PARASITOLOGÍA Práctica Nº 1 : Técnicas de Laboratorio (I).

PREVENCIÓN DEL RIESGO BIOLÓGICO EN EL LABORATORIO: TRABAJO CON

PARÁSITOS.
NTP 545 (ver http://www.mtas.es/insht/ntp-545.htm )
La manipulación de organismos en alguna de sus fases infecciosas pueden comportar riesgo
personal de laboratorio si no se realiza en las condiciones de seguridad biológica adecuada.
El Real Decreto 1995/1978, por el que se aprueba el cuadro de enfermedades profesionales en el
sistema de la S.S. incluye una lista de enfermedades parasitarias
Al trabajar con estos agentes biológicos deben aplicarse también las medidas generales de
seguridad concernientes a las medidas de higiene personal, al trabajo seguro y las buenas
prácticas frente al riesgo biológico (y también, obviamente, frente a otros riesgos característicos
del laboratorio), utilizando protecciones personales como guantes, mascarilla, protector ocular y
facial, y ropa de trabajo adecuados, para prevenir la exposición (véanse las NTP 376 y 432).
Especial mención debe hacerse de las recomendaciones destinadas a evitar heridas y punciones
(las agujas contaminadas no deben reencapsularse nunca y, una vez utilizadas, deben colocarse
en un contenedor de residuos resistente a la perforación) y la formación de bioaerosoles.

El Real Decreto 664/1997, sobre los riesgos relacionados con la exposición agentes biológicos
establece para el trabajo con microorganismos, así como para aquellas actividades que implican la
manipulación de animales vertebrados infectados tanto de forma natural como deliberadamente,
cuatro niveles de contención o de bioseguridad.
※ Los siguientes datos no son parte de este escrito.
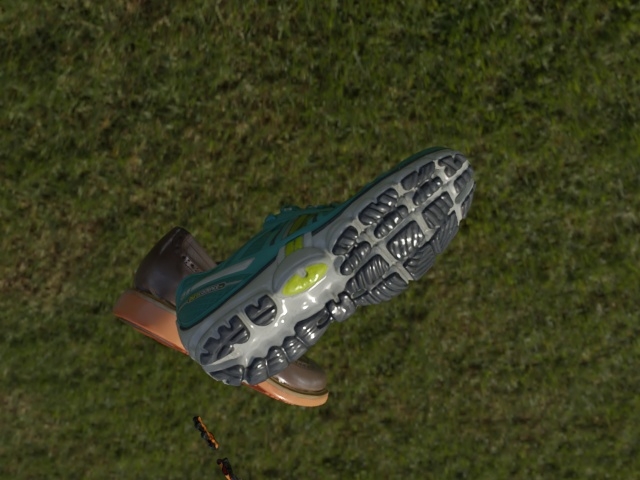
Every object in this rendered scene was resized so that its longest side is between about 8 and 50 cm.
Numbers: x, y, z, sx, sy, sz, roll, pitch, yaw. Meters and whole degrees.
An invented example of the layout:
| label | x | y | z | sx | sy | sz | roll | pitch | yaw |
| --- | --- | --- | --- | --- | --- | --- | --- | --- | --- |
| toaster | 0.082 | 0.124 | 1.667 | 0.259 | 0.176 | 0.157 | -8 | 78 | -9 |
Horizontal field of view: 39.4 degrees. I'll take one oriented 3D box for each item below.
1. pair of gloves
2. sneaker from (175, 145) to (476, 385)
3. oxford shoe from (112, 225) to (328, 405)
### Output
| label | x | y | z | sx | sy | sz | roll | pitch | yaw |
| --- | --- | --- | --- | --- | --- | --- | --- | --- | --- |
| pair of gloves | -0.104 | 0.217 | 0.914 | 0.010 | 0.083 | 0.074 | -33 | 153 | -9 |
| sneaker | 0.000 | 0.000 | 0.725 | 0.275 | 0.110 | 0.107 | -32 | 135 | -6 |
| oxford shoe | -0.083 | 0.105 | 1.088 | 0.130 | 0.132 | 0.364 | 17 | 166 | 38 |
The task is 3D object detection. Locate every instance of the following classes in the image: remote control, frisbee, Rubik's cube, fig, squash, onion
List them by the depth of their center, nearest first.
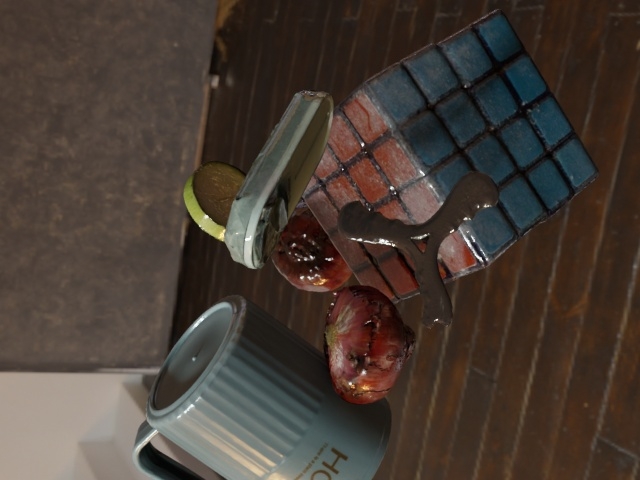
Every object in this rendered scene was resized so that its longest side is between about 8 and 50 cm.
[{"bbox_3d":[-0.043,-0.076,0.970,0.104,0.052,0.247,91,-160,-53],"label":"remote control"},{"bbox_3d":[0.133,0.016,1.053,0.210,0.012,0.188,-17,81,19],"label":"frisbee"},{"bbox_3d":[0.077,0.150,1.256,0.184,0.146,0.184,176,90,-71],"label":"onion"},{"bbox_3d":[0.194,-0.134,1.455,0.345,0.337,0.343,56,149,-5],"label":"Rubik's cube"},{"bbox_3d":[-0.213,-0.086,1.957,0.041,0.219,0.219,-42,49,35],"label":"squash"},{"bbox_3d":[-0.003,0.000,2.011,0.224,0.224,0.263,-47,12,47],"label":"fig"}]

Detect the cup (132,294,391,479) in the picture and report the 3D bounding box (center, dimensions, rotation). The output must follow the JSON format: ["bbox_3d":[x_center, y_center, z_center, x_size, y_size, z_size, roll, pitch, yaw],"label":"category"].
[{"bbox_3d":[-0.107,0.278,1.368,0.331,0.311,0.257,-29,28,44],"label":"cup"}]
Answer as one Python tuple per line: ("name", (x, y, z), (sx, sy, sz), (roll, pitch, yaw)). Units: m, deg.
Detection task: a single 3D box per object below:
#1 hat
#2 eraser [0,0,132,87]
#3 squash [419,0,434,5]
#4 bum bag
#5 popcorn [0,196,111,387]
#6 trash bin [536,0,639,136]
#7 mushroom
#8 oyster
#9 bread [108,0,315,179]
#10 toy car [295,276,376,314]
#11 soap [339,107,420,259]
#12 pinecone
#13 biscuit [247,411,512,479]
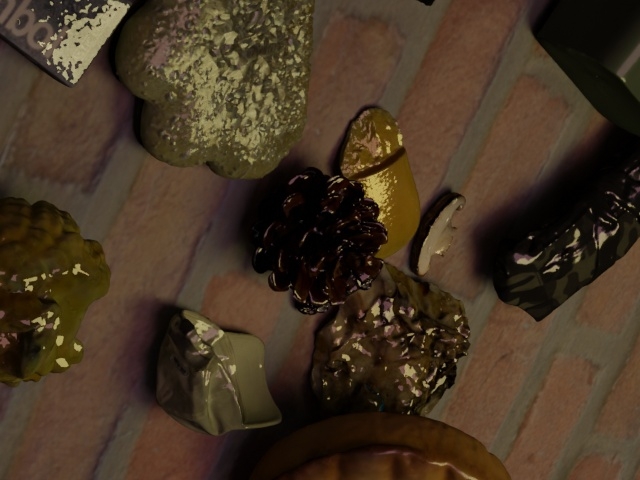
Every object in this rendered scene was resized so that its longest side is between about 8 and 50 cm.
("hat", (-0.103, 0.132, 1.589), (0.166, 0.081, 0.122), (3, 71, -57))
("eraser", (-0.250, -0.212, 1.281), (0.212, 0.046, 0.092), (37, 86, -46))
("squash", (-0.044, -0.350, 1.268), (0.309, 0.310, 0.310), (2, 112, -20))
("bum bag", (0.329, -0.030, 1.855), (0.340, 0.095, 0.144), (-41, 137, -20))
("popcorn", (-0.261, 0.050, 1.360), (0.173, 0.142, 0.173), (-14, 106, -59))
("trash bin", (0.416, -0.290, 1.747), (0.343, 0.158, 0.223), (-54, 135, -4))
("mushroom", (0.125, -0.007, 1.740), (0.049, 0.019, 0.101), (20, 100, -45))
("oyster", (0.079, 0.142, 1.740), (0.223, 0.083, 0.214), (37, 84, -39))
("bread", (-0.093, -0.174, 1.438), (0.207, 0.056, 0.286), (-20, 123, -35))
("toy car", (0.014, 0.045, 1.661), (0.093, 0.025, 0.041), (-27, 135, -3))
("soap", (0.058, -0.052, 1.646), (0.089, 0.033, 0.168), (-35, 130, -22))
("pinecone", (0.001, 0.000, 1.563), (0.140, 0.121, 0.140), (-16, 121, -28))
("biscuit", (0.063, 0.288, 1.703), (0.296, 0.102, 0.296), (1, 133, 1))
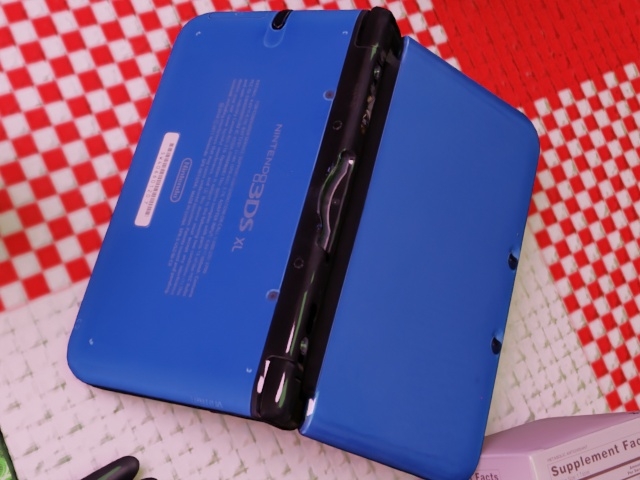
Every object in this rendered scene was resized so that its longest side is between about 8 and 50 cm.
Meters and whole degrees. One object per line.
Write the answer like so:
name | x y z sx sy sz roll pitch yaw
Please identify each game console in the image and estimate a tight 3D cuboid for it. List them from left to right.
game console | 0.000 0.000 0.672 0.173 0.250 0.293 48 53 -57

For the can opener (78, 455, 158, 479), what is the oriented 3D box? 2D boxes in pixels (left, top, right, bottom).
can opener | -0.182 0.196 0.570 0.059 0.073 0.186 32 55 27

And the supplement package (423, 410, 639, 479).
supplement package | 0.189 0.261 0.684 0.139 0.134 0.244 -8 81 -31

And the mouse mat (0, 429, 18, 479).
mouse mat | -0.271 0.190 0.556 0.189 0.007 0.153 -19 87 -29

Estos niveles de seguridad son equivalentes a los
recomendados por organismos como el Center for Disease Control (CDC), Atlanta, USA y la OMS,
y se describen en la NTP 468 (Trabajo con animales de experimentación), por lo que aquí
únicamente se enumera el nivel de contención que corresponde a cada agente parásito (ver tabla
2).
Lista de enfermedades infecciosas y parasitarias contenidas en el R.D.1995/1978

1. Helmintiasis, anquilostomiasis duodenal, anguiIlulosia.

 Trabajos subterráneos, túneles, minas, galerías, cuevas de champiñones, etc.

 Trabajos en zonas pantanosas, arrozales, salinas.

2. Paludismo, amebiasis, tripanosomiasis, dengue, fiebre papataci, fiebre recurrente, fiebre amarilla,
peste, leishmaniosis, pian, tifus exantemático y otras ricketsiosis:

 Trabajos en zonas donde estas afecciones son endémicas.

3. Enfermedades infecciosas o parasitarias transmitidas al hombre por los animales o por sus
productos y cadáveres (para el tétanos se incluirán también los trabajos con excretas humanas o
animales).

 Trabajos susceptibles de poner en contacto directo con animales, vectores o reservorios de la

infección o sus cadáveres.

 Manipulación o empleo de despojos de animales.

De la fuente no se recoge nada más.